CMS Myth Vs. Fact: What Hospice and Home Health Providers Need to Know About the New Medicare Enrollment Moratoria

National Law Review – Employment Law
National Law Review – Employment LawMay 26, 2026

Why It Matters

The moratorium curtails growth and transaction activity for hospice and home‑health firms, heightening operational risk and signaling tighter federal oversight that could reshape market consolidation.

Key Takeaways

  • CMS moratorium blocks new Medicare enrollments for hospice and HHAs until Nov 2026.
  • Ownership changes that trigger new enrollment remain prohibited during the pause.
  • Pending enrollment applications submitted before May 13 will still be processed.
  • Branch or new practice location openings count as initial enrollments, barred now.
  • State Medicaid programs may follow CMS, adding further enrollment constraints.

Pulse Analysis

CMS’s six‑month enrollment moratorium reflects a broader crackdown on program‑integrity risks in hospice and home‑health services. By targeting rapid enrollment growth, alleged "churn and burn" schemes, and multi‑location operations, the agency aims to tighten oversight and reduce Medicare fraud. The policy aligns with earlier moratoria on durable‑medical‑equipment providers and underscores CMS’s willingness to use enrollment controls as a lever for compliance. While the freeze is slated to run through November 2026, CMS retains authority to extend it in six‑month increments, echoing the six‑year extension of the 2013 HHA moratorium.

For providers, the immediate impact is a pause on any activity that would generate a new Medicare enrollment—whether opening a new branch, adding a practice site, or completing an ownership transfer that triggers a fresh application. Transactions that can be structured to assign existing provider agreements, such as indirect ownership changes exempt from the 36‑month rule, remain permissible, but firms must conduct meticulous due‑diligence to avoid inadvertent enrollment triggers. Meanwhile, pending applications filed before May 13 will proceed, offering a narrow window for entities to finalize expansions before the moratorium takes full effect. State Medicaid agencies are watching closely; recent examples in Florida and Nevada show that state programs may impose parallel restrictions, adding another layer of regulatory complexity.

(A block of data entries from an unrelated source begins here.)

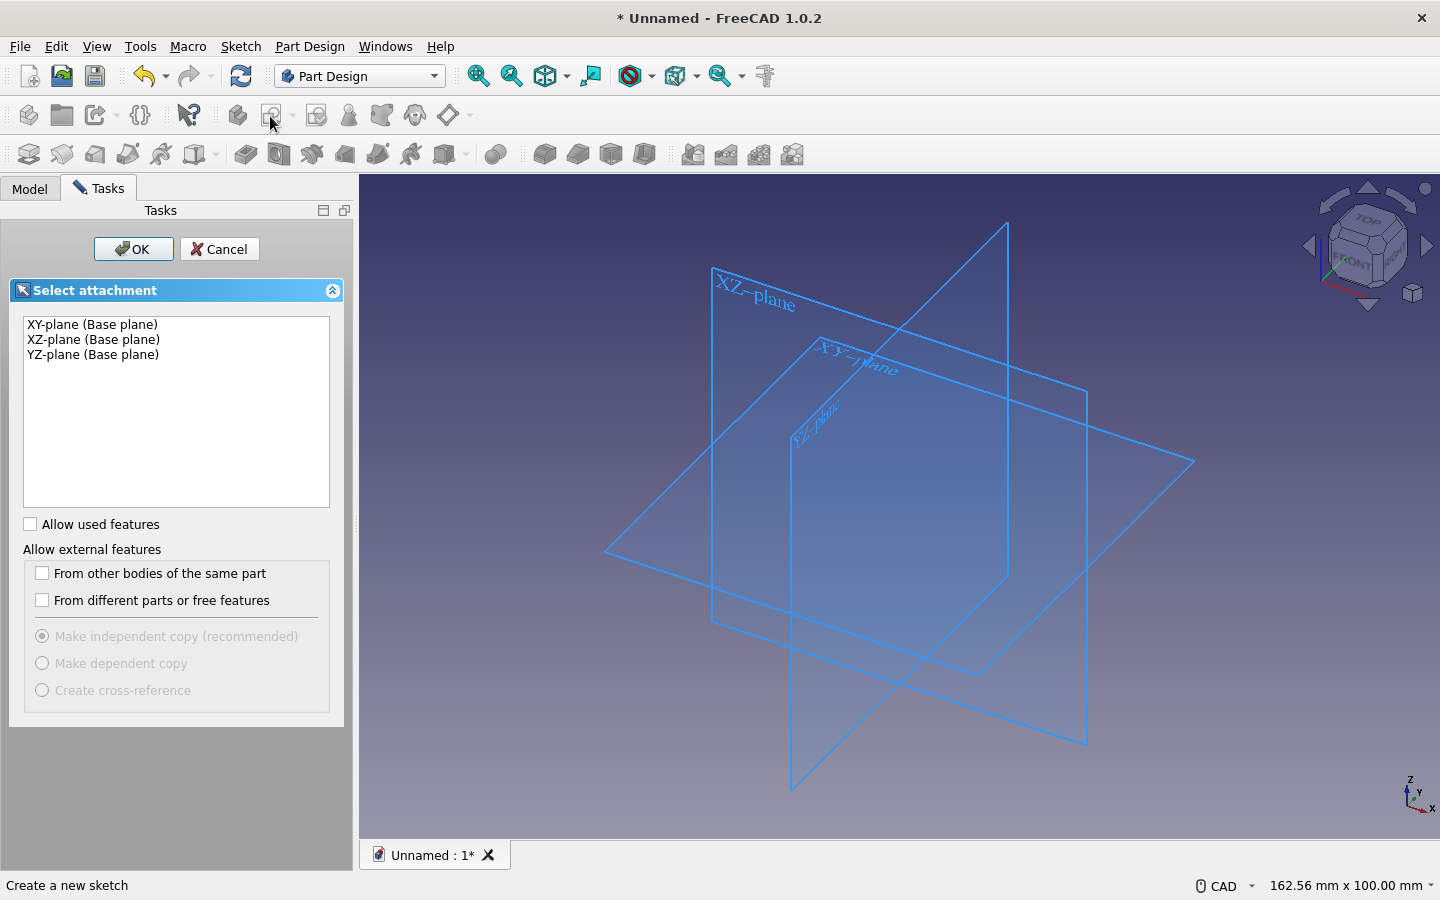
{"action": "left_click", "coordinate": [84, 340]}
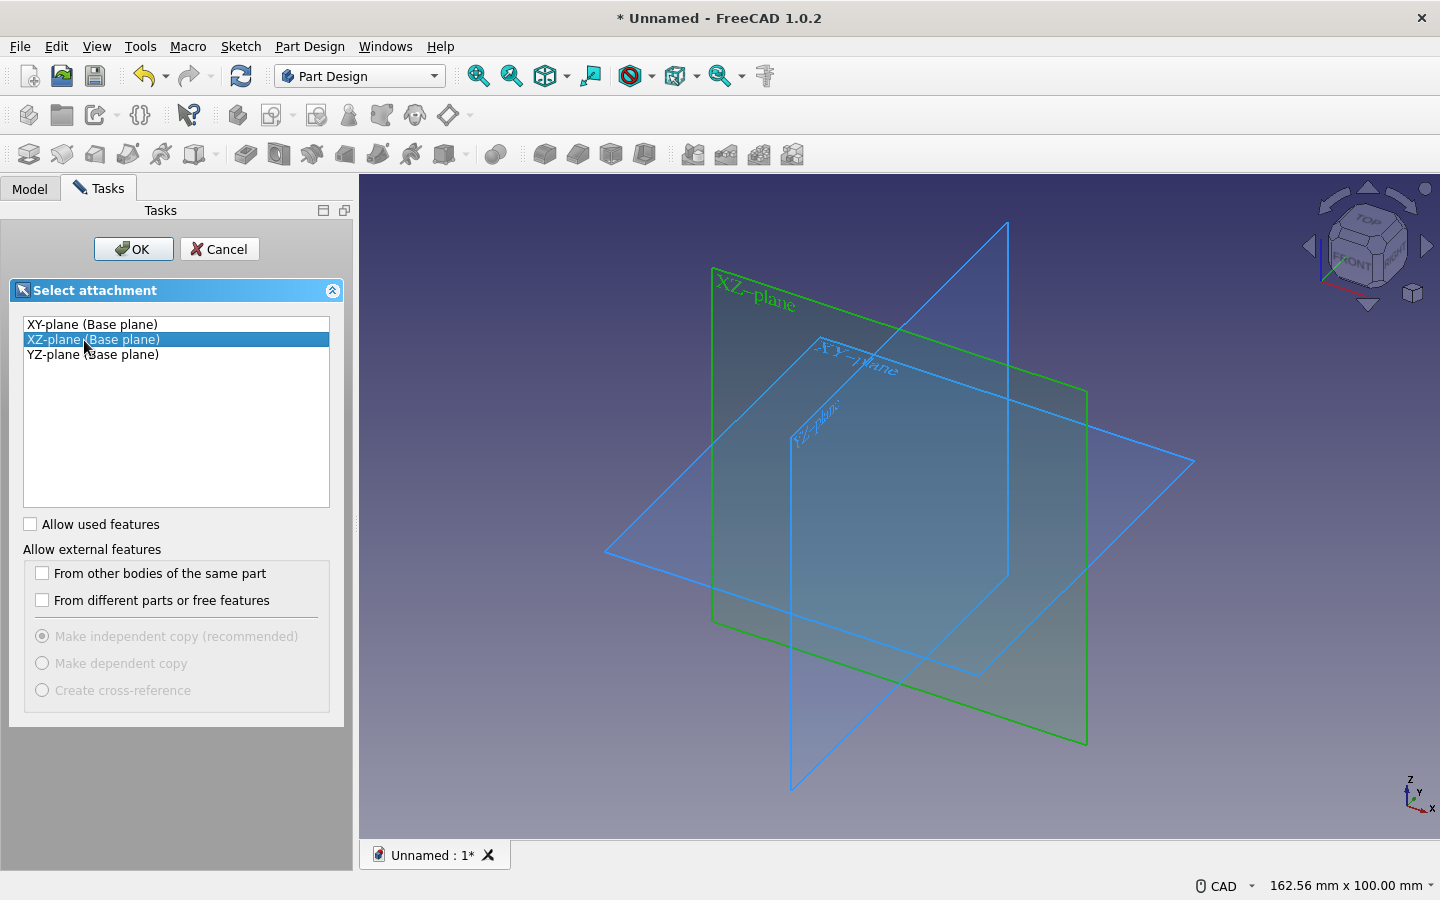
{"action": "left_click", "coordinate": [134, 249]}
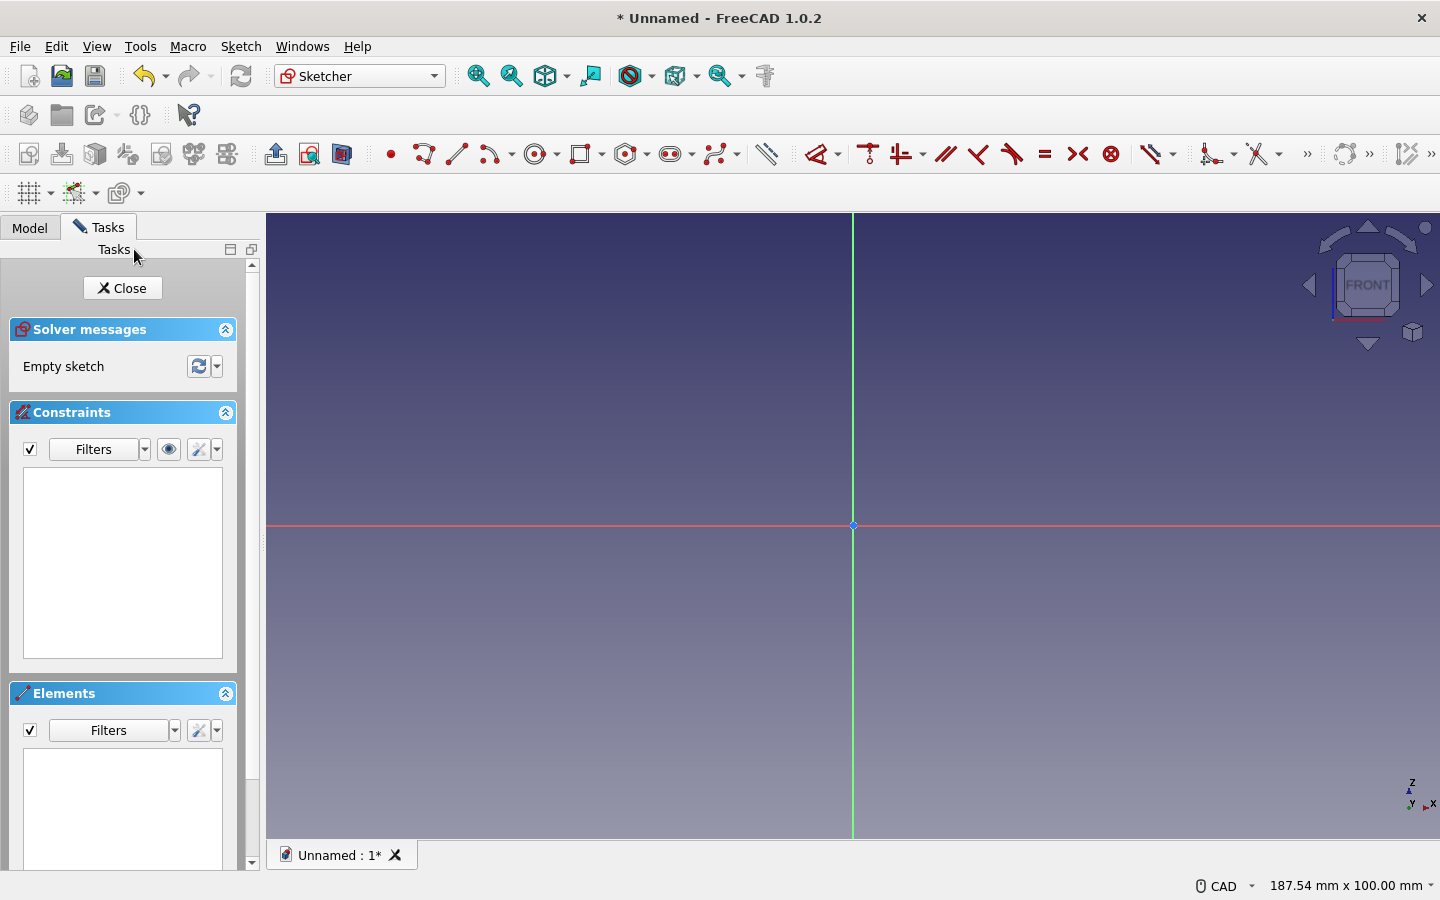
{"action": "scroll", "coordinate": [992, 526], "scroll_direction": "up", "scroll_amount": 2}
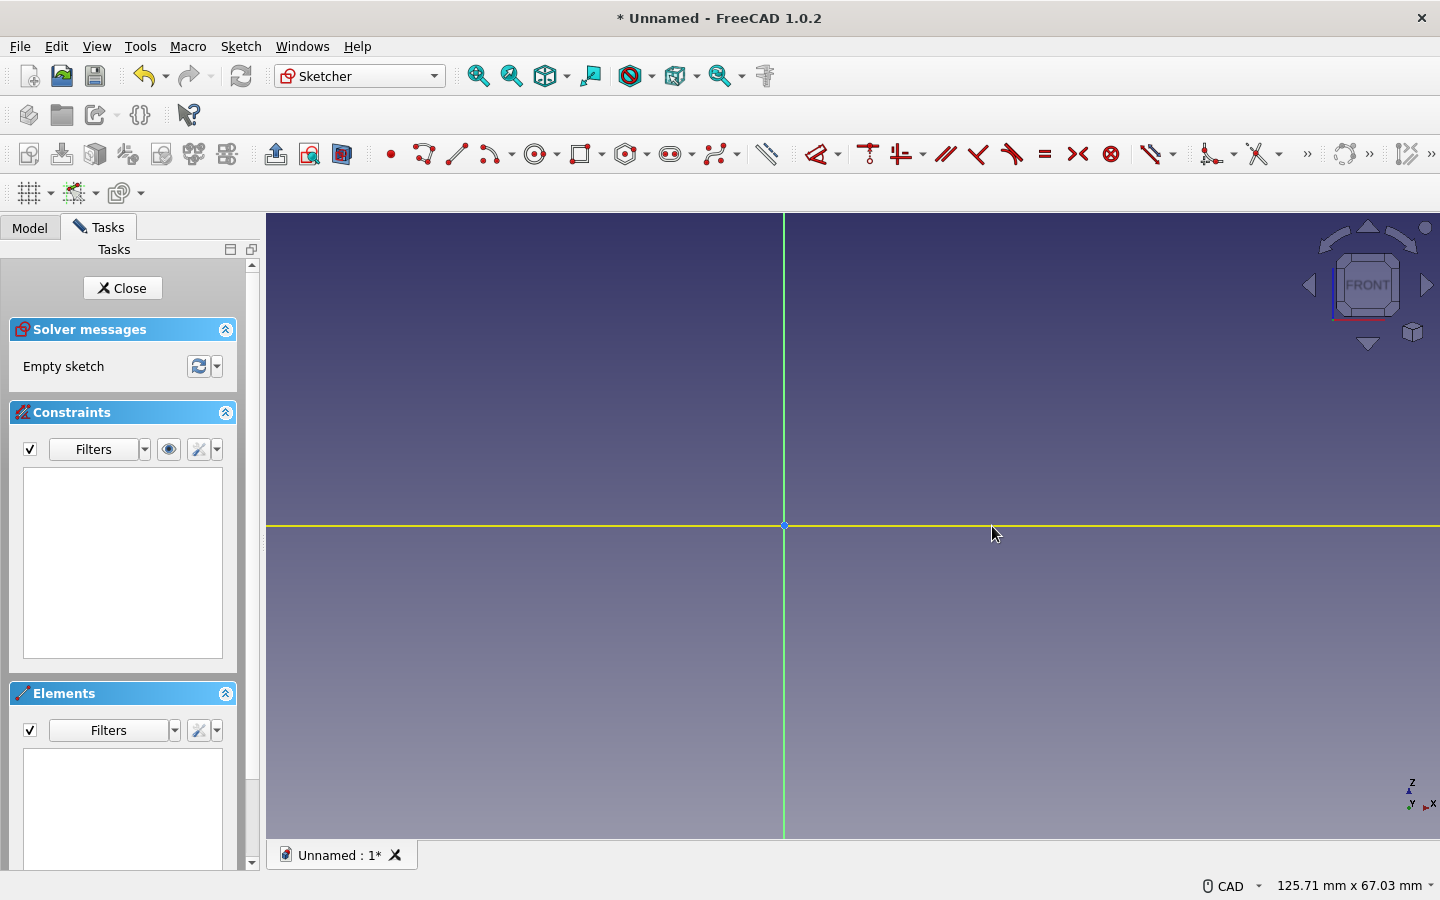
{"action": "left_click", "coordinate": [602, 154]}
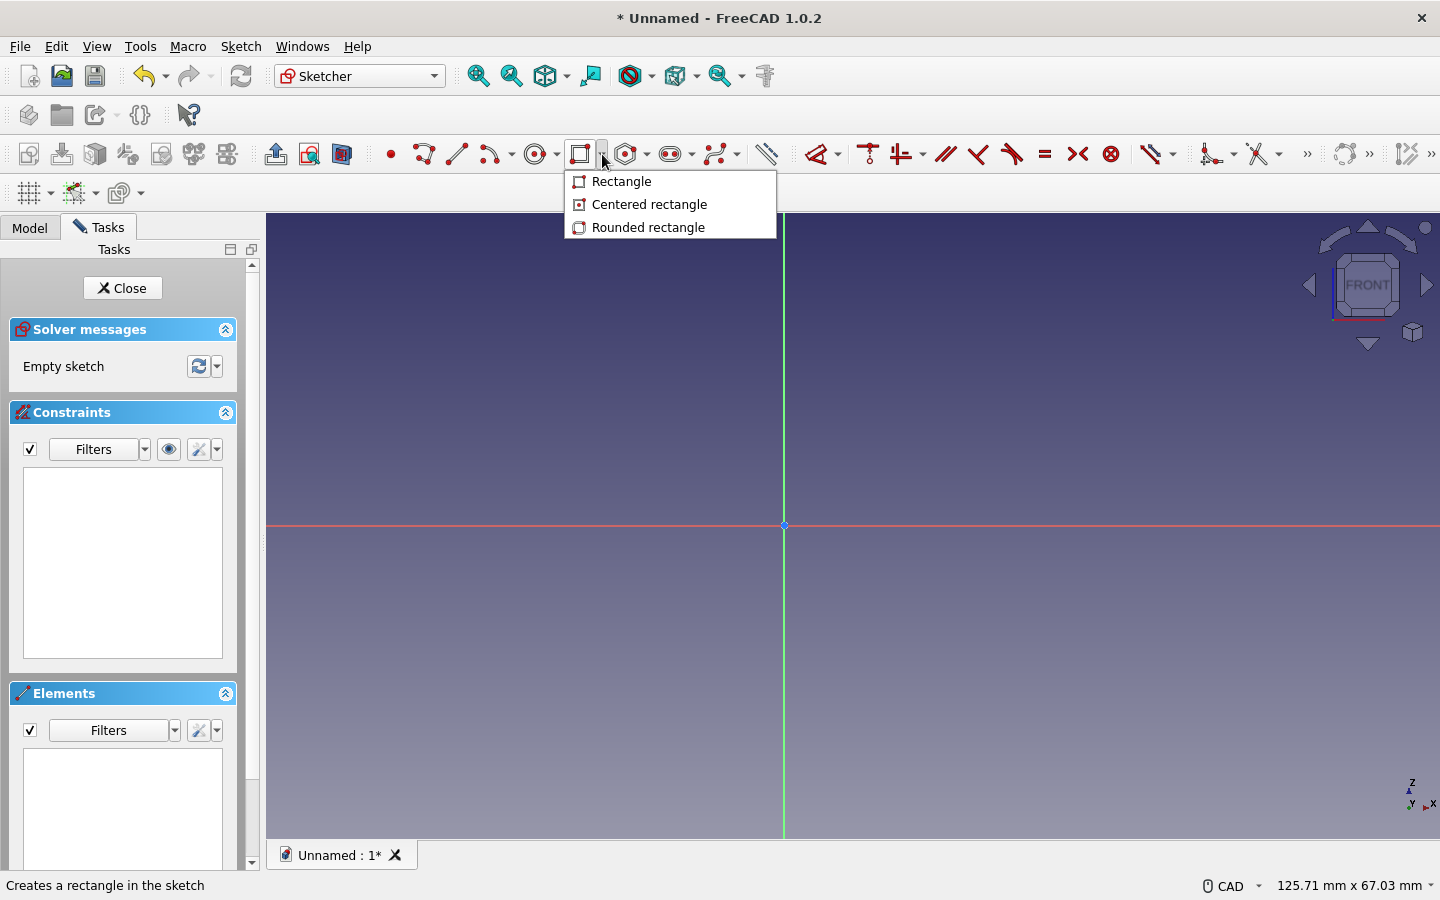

Strategically, hospice and home‑health operators should audit all planned transactions, relocations, and site additions against CMS enrollment criteria. Engaging with Medicare Administrative Contractors early, seeking informal CMS guidance on relocations, and documenting compliance with community‑service‑area rules can mitigate the risk of prohibited enrollment. Companies should also monitor Federal Register notices for potential extensions and stay abreast of state Medicaid developments that could amplify the enrollment freeze. By aligning growth plans with the moratorium’s parameters, providers can preserve revenue streams while positioning themselves for a smoother re‑entry once CMS lifts the restrictions.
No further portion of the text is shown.